# Suggestions please for anxious dog



## JLO (Sep 27, 2006)

We have an 8 year old black lab Zak, he is an extremely well behaved and intelligent dog, he does things like bringing the shopping in from the car and gets the washing out of the tumble dryer, it really pleases him to do these kind of things BUT he is becoming anxious about more and more things. He has always been afraid of thunder and fireworks, if a thunderstorm happened we always ignored his scared behaviour and carried on as normal, but he is not gun shy, however we do give him Bachs Rescue Remedy to help calm him down, but during the past year he has become more worried about everyday things. We can't even open the mail now without him scurrying off and hiding in a corner, he dosn't like the envelopes, he is terrified of my spectacle case because it makes a noise when I clip it shut, we still try and ignore his behaviour but it is getting harder. 

Sometimes if he is asleep near your feet and you move even slightly he shoots up and is halfway across the room in fear and panic before he is properly awake. We have had him since he was 11 weeks old, he is well socialised and friendly, the only thing that we can think has changed during the past year is our 14 year old cat died, the cat was 7 years old when we got Zak, the vet thought that Zak might not be happy being the only pet in the house, so we recently got another cat Dylan from the RSPCA, he is very friendly and likes to sleep with the dog.
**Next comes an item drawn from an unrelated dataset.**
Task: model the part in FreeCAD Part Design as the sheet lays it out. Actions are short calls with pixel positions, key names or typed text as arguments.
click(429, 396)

The vet said something about a DAP diffuser which apparently gives of a hormonal smell which a dogs mother gives off and it reassures the puppies, but they are not cheap and I wondered if anyone else had tried them before I splash out and buy one. Someone else I spoke to said the vet had given their dog valium, but I am not sure I want to go down that route with him. 

Any suggestions welcome.


----------



## locovan (Oct 17, 2007)

I wonder if he is going blind so he isnt seeing things so well so noise is a suprise to him.
I use Simply Suppliments Calming Formula to calm my nervouse dog and Yeast Tablets.
I wouldnt like to use Valium surely that really dopes a dog.


----------



## JLO (Sep 27, 2006)

No he is not going blind because he scurries away if he sees you opening an envelope, we think he might be frightened of the envelopes because we got one with bubble wrap in it and my husband accidentally stood on the bubble wrap. The list of what he is scared of is a long one but includes the:

hosepipe
ironing board
hair dryer
opening a can of drink 
hoover
moving the dustbin 
opening or closing my specs case
heavy rain (because he has worked out that this usually accompanies thunder)
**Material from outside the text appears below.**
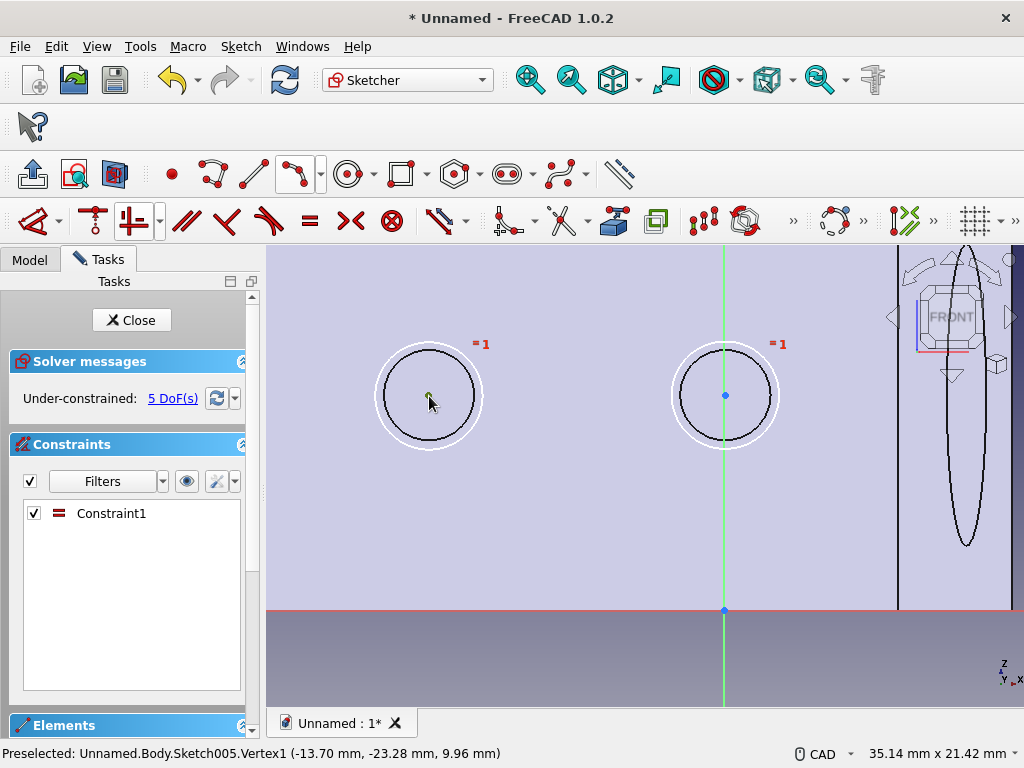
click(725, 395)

He will happily guard the house and gives a good warning bark to anyone who comes near, he guards against other dogs coming near the house (if the gate is closed) If the gate is open he ignores other dogs. I have never had such a complex dog before, my previous two dogs who were both yellow labs were very laid back and bothered about nothing.

I am very reluctant to go down the drug route because normally he is a happy dog and I don't want to drug him.


----------



## ktesis (May 11, 2005)

We used a DAP diffuser when we first got our dog as a puppy. We were close to giving him back to the breeders because he would spend the whole night in an agitated state so much so we couldnt get to sleep. From the first night we used the DAP he settled down. We used it for about 6 weeks then stopped.
As for adult dogs from what little research I did at the time it would seem that it is used in circumstances you describe. You can buy on the internet - perhaps cheaper than the vet?


----------



## JLO (Sep 27, 2006)

thank you for that, I hate to see the dog unhappy for no reason which I can see. I will look into getting one again.


----------



## greenasthegrass (Oct 27, 2007)

We had a black lab Max who sadly got squished by a landrover 5 years ago this year - I miss that daft mutt every day.

He was a big fairy - he hated fireworks, thunder and lightning, cats, loud noises he didn't understand and was like that from day one. He was only 5 when he went so don't know if he would have got any worse.

Perhaps its cos he was black and the blonde ones are tougher? He got spooked by a noise we were in middle of a field and flight not fight took hold and he ran half mile to a road and the landrover won.

I still fill up at the thought of him ....  

Greenie 

PS sorry not much help but perhaps its a breed thing?


----------



## JLO (Sep 27, 2006)

I have been wondering if it is a breed thing, because even though my two previous dogs were labs they were blonde, brave and just a bit stupid. 

This one is a Drakeshead breedline and is from working stock, he has been much easier to train and actually does listen to what is said to him, he dosn't eat every piece of rubbish he comes across and he stays out of the river if I tell him to. 

If something scares him whilst he is out he comes straight back and sits by my side - when I take him to the woods he always has to keep an eye on me and if he loses sight of me he panics, having said all this I would still go for another from the same breedlines.

He could be worse I suppose because the breeder told me that his sister from the same litter, was a bit of a renegade and despite being a trained gun dog actually killed his neighbours chickens.

The breeder tried my dog with retrieving but he didn't like the feathers in his mouth.

I have been looking on another doggy forum and it seems the DAP diffusers/spray/collars work quite well, they are not as dear as I thought £24.99 so will give it a go.


----------



## patp (Apr 30, 2007)

Noise phobia is fairly common and not a breed related thing.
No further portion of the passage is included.